Data supplied.
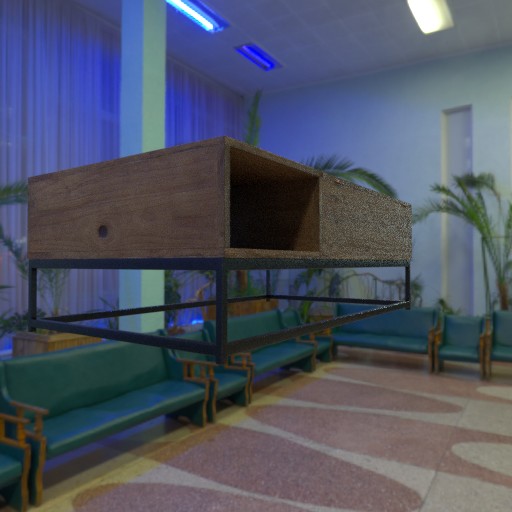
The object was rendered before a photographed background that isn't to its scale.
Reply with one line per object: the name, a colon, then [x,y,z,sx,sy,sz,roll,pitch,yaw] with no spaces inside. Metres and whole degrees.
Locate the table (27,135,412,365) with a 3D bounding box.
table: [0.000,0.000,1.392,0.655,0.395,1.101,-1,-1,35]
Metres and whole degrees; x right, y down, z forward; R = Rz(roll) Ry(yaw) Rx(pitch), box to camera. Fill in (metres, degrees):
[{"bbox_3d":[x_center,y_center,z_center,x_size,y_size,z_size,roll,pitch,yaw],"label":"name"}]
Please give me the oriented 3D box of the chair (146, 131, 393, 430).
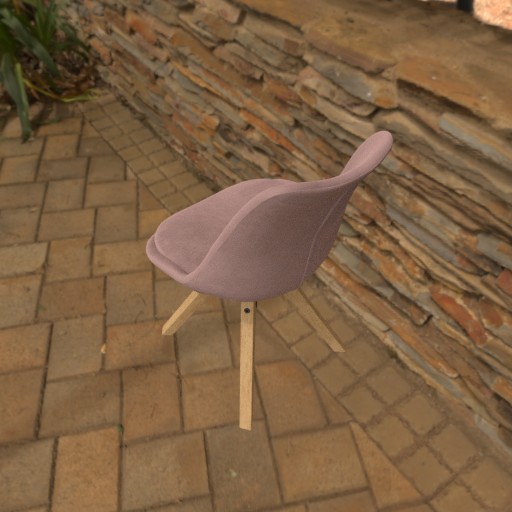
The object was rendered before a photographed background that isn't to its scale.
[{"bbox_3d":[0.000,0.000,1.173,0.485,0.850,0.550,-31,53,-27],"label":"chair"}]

Task statement. Copy out, from the listing above, every line that contains the word "pitch".

Answer to this task.
Reply with one line per object: the name, a colon, then [x,y,z,sx,sy,sz,roll,pitch,yaw] with no spaces inside. Metres and whole degrees.
Metres and whole degrees; x right, y down, z forward; R = Rz(roll) Ry(yaw) Rx(pitch), box to camera. Fill in (metres, degrees):
[{"bbox_3d":[x_center,y_center,z_center,x_size,y_size,z_size,roll,pitch,yaw],"label":"name"}]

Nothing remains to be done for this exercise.